Data structures

libxnd is a lightweight container library that leaves most of the work to libndtypes. The underlying idea is to have a small struct that contains bitmaps, a linear index, a type and a data pointer.

The type contains all low level access information.

Since the struct is small, it can easily be passed around by value when it serves as a view on the data.

The owner of the data is a master buffer with some additional bookkeeping fields.

Bitmaps

typedef struct xnd_bitmap xnd_bitmap_t;

struct xnd_bitmap {
    uint8_t *data;      /* bitmap */
    int64_t size;       /* number of subtree bitmaps in the "next" array */
    xnd_bitmap_t *next; /* array of bitmaps for subtrees */
};

libxnd supports data with optional values. Any type can have a bitmap for its data. Bitmaps are addressed using the linear index in the xnd_t struct.

For a scalar, the bitmap contains just one addressable bit.

For fixed and variable arrays, the bitmap contains one bit for each item.

Container types like tuples and records have new bitmaps for each of their fields if any of the field subtrees contains optional data.

These field bitmaps are in the next array.

View

/* Typed memory block, usually a view. */
typedef struct xnd {
    xnd_bitmap_t bitmap; /* bitmap tree */
    int64_t index;       /* linear index for var dims */
    const ndt_t *type;   /* type of the data */
    char *ptr;           /* data */
} xnd_t;

This is the xnd view, with a typed data pointer, the current linear index and a bitmap.

When passing the view around, the linear index needs to be maintained because it is required to determine if a value is missing (NA).

The convention is to apply the linear index (adjust the ptr and set it to 0) only when a non-optional element at ndim == 0 is actually accessed.

This happens for example when getting the value of an element or when descending into a record.

Flags

#define XND_OWN_TYPE     0x00000001U /* type pointer */
#define XND_OWN_DATA     0x00000002U /* data pointer */
#define XND_OWN_STRINGS  0x00000004U /* embedded string pointers */
#define XND_OWN_BYTES    0x00000008U /* embedded bytes pointers */
#define XND_OWN_POINTERS 0x00000010U /* embedded pointers */

#define XND_OWN_ALL (XND_OWN_TYPE |    \
                     XND_OWN_DATA |    \
                     XND_OWN_STRINGS | \
                     XND_OWN_BYTES |   \
                     XND_OWN_POINTERS)

#define XND_OWN_EMBEDDED (XND_OWN_DATA |    \
                          XND_OWN_STRINGS | \
                          XND_OWN_BYTES |   \
                          XND_OWN_POINTERS)

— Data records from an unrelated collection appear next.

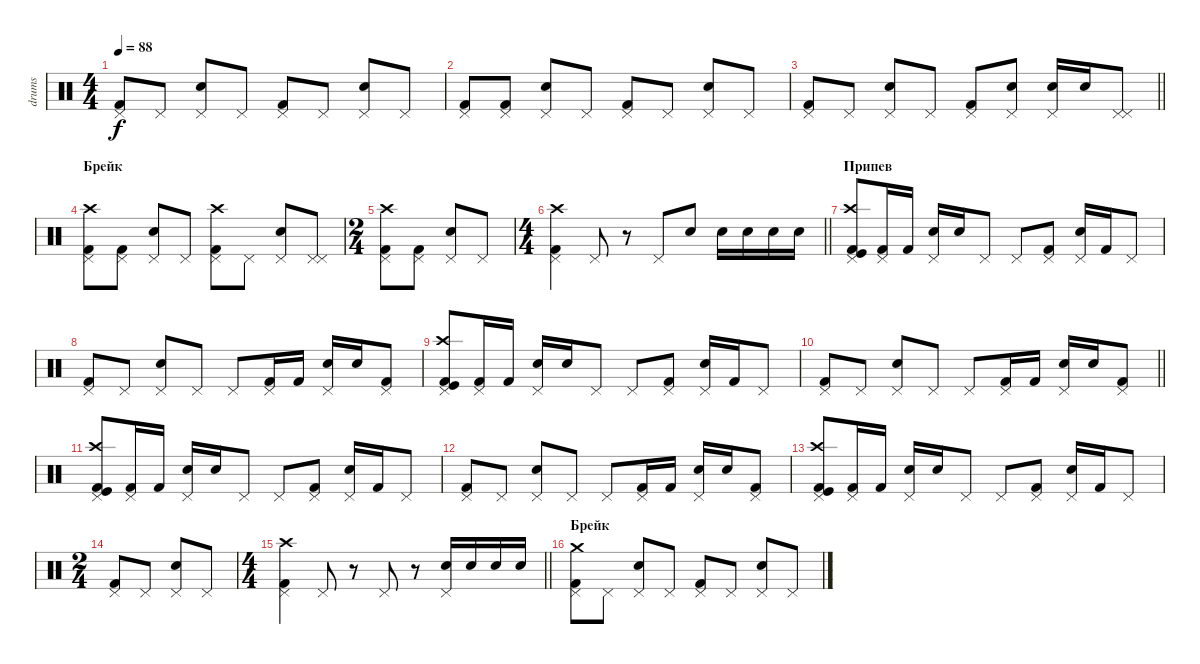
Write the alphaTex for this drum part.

\track ("drums" "drums") {instrument percussion}
\staff {score}
\articulation defaults
\ts (4 4)
\tempo 88
\clef neutral
\ks c
("Pedal Hi-Hat (hit)" "Kick (hit) 2").8{dy f} "Pedal Hi-Hat (hit)".8 ("Snare (hit) 2" "Pedal Hi-Hat (hit)").8 "Pedal Hi-Hat (hit)".8 ("Pedal Hi-Hat (hit)" "Kick (hit) 2").8 "Pedal Hi-Hat (hit)".8 ("Pedal Hi-Hat (hit)" "Snare (hit) 2").8 "Pedal Hi-Hat (hit)".8 |
("Pedal Hi-Hat (hit)" "Kick (hit) 2").8 ("Kick (hit) 2" "Pedal Hi-Hat (hit)").8 ("Pedal Hi-Hat (hit)" "Snare (hit) 2").8 "Pedal Hi-Hat (hit)".8 ("Kick (hit) 2" "Pedal Hi-Hat (hit)").8 "Pedal Hi-Hat (hit)".8 ("Pedal Hi-Hat (hit)" "Snare (hit) 2").8 "Pedal Hi-Hat (hit)".8 |
\barLineRight lightlight
("Pedal Hi-Hat (hit)" "Kick (hit) 2").8 "Pedal Hi-Hat (hit)".8 ("Pedal Hi-Hat (hit)" "Snare (hit) 2").8 "Pedal Hi-Hat (hit)".8 ("Pedal Hi-Hat (hit)" "Kick (hit) 2").8 ("Pedal Hi-Hat (hit)" "Snare (hit) 2").8 ("Pedal Hi-Hat (hit)" "Snare (hit) 2").16 "Snare (hit) 2".16 ("Pedal Hi-Hat (hit)" "Pedal Hi-Hat (hit)").8 |
\section ("" "Брейк")
("Crash high (hit)" "Pedal Hi-Hat (hit)" "Kick (hit) 2").8 ("Kick (hit) 2" "Pedal Hi-Hat (hit)").8 ("Pedal Hi-Hat (hit)" "Snare (hit) 2").8 "Pedal Hi-Hat (hit)".8 ("Crash high (hit)" "Kick (hit) 2" "Pedal Hi-Hat (hit)").8 "Pedal Hi-Hat (hit)".8 ("Pedal Hi-Hat (hit)" "Snare (hit) 2").8 ("Pedal Hi-Hat (hit)" "Pedal Hi-Hat (hit)").8 |
\ts (2 4)
("Crash high (hit)" "Pedal Hi-Hat (hit)" "Kick (hit) 2").8 ("Kick (hit) 2" "Pedal Hi-Hat (hit)").8 ("Pedal Hi-Hat (hit)" "Snare (hit) 2").8 "Pedal Hi-Hat (hit)".8 |
\ts (4 4)
\barLineRight lightlight
("Crash high (hit)" "Kick (hit) 2" "Pedal Hi-Hat (hit)").4 "Pedal Hi-Hat (hit)".8 r.8 "Pedal Hi-Hat (hit)".8 "Snare (hit) 2".8 "Snare (hit) 2".16 "Snare (hit) 2".16 "Snare (hit) 2".16 "Snare (hit) 2".16 |
\section ("" "Припев")
("Kick (hit)" "Crash high (hit)" "Kick (hit) 2" "Pedal Hi-Hat (hit)").8 ("Kick (hit) 2" "Pedal Hi-Hat (hit)").16 "Kick (hit) 2".16 ("Snare (hit) 2" "Pedal Hi-Hat (hit)").16 "Snare (hit) 2".16 "Pedal Hi-Hat (hit)".8 "Pedal Hi-Hat (hit)".8 ("Pedal Hi-Hat (hit)" "Kick (hit) 2").8 ("Pedal Hi-Hat (hit)" "Snare (hit) 2").16 "Kick (hit) 2".16 "Pedal Hi-Hat (hit)".8 |
("Pedal Hi-Hat (hit)" "Kick (hit) 2").8 "Pedal Hi-Hat (hit)".8 ("Snare (hit) 2" "Pedal Hi-Hat (hit)").8 "Pedal Hi-Hat (hit)".8 "Pedal Hi-Hat (hit)".8 ("Pedal Hi-Hat (hit)" "Kick (hit) 2").16 "Kick (hit) 2".16 ("Pedal Hi-Hat (hit)" "Snare (hit) 2").16 "Snare (hit) 2".16 ("Kick (hit) 2" "Pedal Hi-Hat (hit)").8 |
("Crash high (hit)" "Kick (hit) 2" "Pedal Hi-Hat (hit)" "Kick (hit)").8 ("Kick (hit) 2" "Pedal Hi-Hat (hit)").16 "Kick (hit) 2".16 ("Snare (hit) 2" "Pedal Hi-Hat (hit)").16 "Snare (hit) 2".16 "Pedal Hi-Hat (hit)".8 "Pedal Hi-Hat (hit)".8 ("Kick (hit) 2" "Pedal Hi-Hat (hit)").8 ("Pedal Hi-Hat (hit)" "Snare (hit) 2").16 "Kick (hit) 2".16 "Pedal Hi-Hat (hit)".8 |
\barLineRight lightlight
("Kick (hit) 2" "Pedal Hi-Hat (hit)").8 "Pedal Hi-Hat (hit)".8 ("Pedal Hi-Hat (hit)" "Snare (hit) 2").8 "Pedal Hi-Hat (hit)".8 "Pedal Hi-Hat (hit)".8 ("Pedal Hi-Hat (hit)" "Kick (hit) 2").16 "Kick (hit) 2".16 ("Pedal Hi-Hat (hit)" "Snare (hit) 2").16 "Snare (hit) 2".16 ("Pedal Hi-Hat (hit)" "Kick (hit) 2").8 |
("Crash high (hit)" "Kick (hit)" "Kick (hit) 2" "Pedal Hi-Hat (hit)").8 ("Kick (hit) 2" "Pedal Hi-Hat (hit)").16 "Kick (hit) 2".16 ("Snare (hit) 2" "Pedal Hi-Hat (hit)").16 "Snare (hit) 2".16 "Pedal Hi-Hat (hit)".8 "Pedal Hi-Hat (hit)".8 ("Pedal Hi-Hat (hit)" "Kick (hit) 2").8 ("Pedal Hi-Hat (hit)" "Snare (hit) 2").16 "Kick (hit) 2".16 "Pedal Hi-Hat (hit)".8 |
("Kick (hit) 2" "Pedal Hi-Hat (hit)").8 "Pedal Hi-Hat (hit)".8 ("Pedal Hi-Hat (hit)" "Snare (hit) 2").8 "Pedal Hi-Hat (hit)".8 "Pedal Hi-Hat (hit)".8 ("Pedal Hi-Hat (hit)" "Kick (hit) 2").16 "Kick (hit) 2".16 ("Pedal Hi-Hat (hit)" "Snare (hit) 2").16 "Snare (hit) 2".16 ("Kick (hit) 2" "Pedal Hi-Hat (hit)").8 |
("Crash high (hit)" "Kick (hit)" "Kick (hit) 2" "Pedal Hi-Hat (hit)").8 ("Kick (hit) 2" "Pedal Hi-Hat (hit)").16 "Kick (hit) 2".16 ("Snare (hit) 2" "Pedal Hi-Hat (hit)").16 "Snare (hit) 2".16 "Pedal Hi-Hat (hit)".8 "Pedal Hi-Hat (hit)".8 ("Kick (hit) 2" "Pedal Hi-Hat (hit)").8 ("Pedal Hi-Hat (hit)" "Snare (hit) 2").16 "Kick (hit) 2".16 "Pedal Hi-Hat (hit)".8 |
\ts (2 4)
("Pedal Hi-Hat (hit)" "Kick (hit) 2").8 "Pedal Hi-Hat (hit)".8 ("Snare (hit) 2" "Pedal Hi-Hat (hit)").8 "Pedal Hi-Hat (hit)".8 |
\ts (4 4)
\barLineRight lightlight
("Kick (hit) 2" "Crash high (hit)" "Pedal Hi-Hat (hit)").4 "Pedal Hi-Hat (hit)".8 r.8 "Pedal Hi-Hat (hit)".8 r.8 ("Pedal Hi-Hat (hit)" "Snare (hit) 2").16 "Snare (hit) 2".16 "Snare (hit) 2".16 "Snare (hit) 2".16 |
\section ("" "Брейк")
("Kick (hit) 2" "Crash medium (hit)" "Pedal Hi-Hat (hit)").8 "Pedal Hi-Hat (hit)".8 ("Snare (hit) 2" "Pedal Hi-Hat (hit)").8 "Pedal Hi-Hat (hit)".8 ("Kick (hit) 2" "Pedal Hi-Hat (hit)").8 "Pedal Hi-Hat (hit)".8 ("Pedal Hi-Hat (hit)" "Snare (hit) 2").8 "Pedal Hi-Hat (hit)".8

The ownership flags for the xnd master buffer (see below). Like libndtypes, libxnd itself has no notion of how many exported views a master buffer has.

This is deliberately done in order to prevent two different memory management schemes from getting in each other’s way.

However, for deallocating a master buffer the flags must be set correctly.

XND_OWN_TYPE is set if the master buffer owns the ndt_t.

XND_OWN_DATA is set if the master buffer owns the data pointer.

The string, bytes and ref types have pointers that are embedded in the data. Usually, these are owned and deallocated by libxnd.

For strings, the Python bindings use the convention that NULL strings are interpreted as the empty string. Once a string pointer is initialized it belongs to the master buffer.

Macros

/* Convenience macros to extract embedded values. */
#define XND_POINTER_DATA(ptr) (*((char **)ptr))
#define XND_BYTES_SIZE(ptr) (((ndt_bytes_t *)ptr)->size)
#define XND_BYTES_DATA(ptr) (((ndt_bytes_t *)ptr)->data)

These macros should be used to extract embedded ref, string and bytes data.

Master buffer

/* Master memory block. */
typedef struct xnd_master {
    uint32_t flags; /* ownership flags */
    xnd_t master;   /* typed memory */
} xnd_master_t;

This is the master buffer. flags are explained above, the master buffer should be considered constant.

For traversing memory, copy a new view buffer by value.

Slice and index keys

enum xnd_key { Index, FieldName, Slice };
typedef struct {
  enum xnd_key tag;
  union {
    int64_t Index;
    const char *FieldName;
    ndt_slice_t Slice;
  };
} xnd_index_t;

Slicing and indexing uses the same model as Python. Indices are usually integers, but record fields may also be indexed with field names.

ndt_slice_t has start, stop, step fields that must be filled in with normalized values following the same protocol as PySlice_Unpack.